Closed ykdojo closed 1 year ago
Hi 👋🏻 I could help, can you indicate me where the redirection is?
@Olyno thank you. Did you try finding it yourself first?
Actually, i got a look in the code, and got confused by how Supabase was used. I'm not sure why you're using Supabase on the server side only, while you could use on the client.
I think the way to solve your issue would be to move the auth security on the server side, and remove the session
object to use the user
object from Supabase directly, using the Supabase auth helper. I can do it for you if that's okay.
I have solved this issue in one line. Can I create a PR @ykdojo ?
Actually, i got a look in the code, and got confused by how Supabase was used. I'm not sure why you're using Supabase on the server side only, while you could use on the client.

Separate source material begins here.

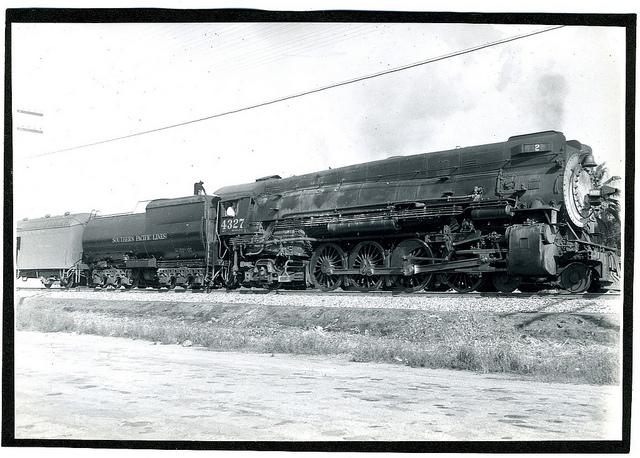Is there smoke coming out the train?
Write a very short answer. Yes. What color is the photo?
Be succinct. Black and white. Is this a color photograph?
Give a very brief answer. No.

This repo will hopefully help you understand it better: https://github.com/ykdojo/supabase-nextjs-simple-auth
This repo will hopefully help you understand it better: ykdojo/supabase-nextjs-simple-auth
I mean, look at the pr i did, this is completely different
I looked at the repo, and this one is exactly like the current one. Both repos use an authentication system on the client with local storage, which is a bad practice in my opinion.
Supabase provides many tools to make authentication simple, but you are using localStorage
as verification, which is not secure at all.
How would you recommend that we implement this then?
As I said, the best would be to use the tools that Supabase offers, and to make an authentication in SSR if you use a server part. If you use only client, in this case it should be privileged that the client, but it is not your case.
You can see the implementation I recommend in PR #272
Thank you. I added a comment on #272
I tried to solve it on my local machine. My approach is to take the session as a prop and while routing the submit question using href, add a ternary check if the session is there then redirect to an add question page otherwise signup page.
Another way to resolve this issue is by adding private routes for the pages where we need the user should be logged in.
Description
When you try to go to the question submission page before logging in, you're redirected to the signup page.
This behavior is good, but with the current redirect method, the back button doesn't work.
Is there a better way to redirect to avoid this issue?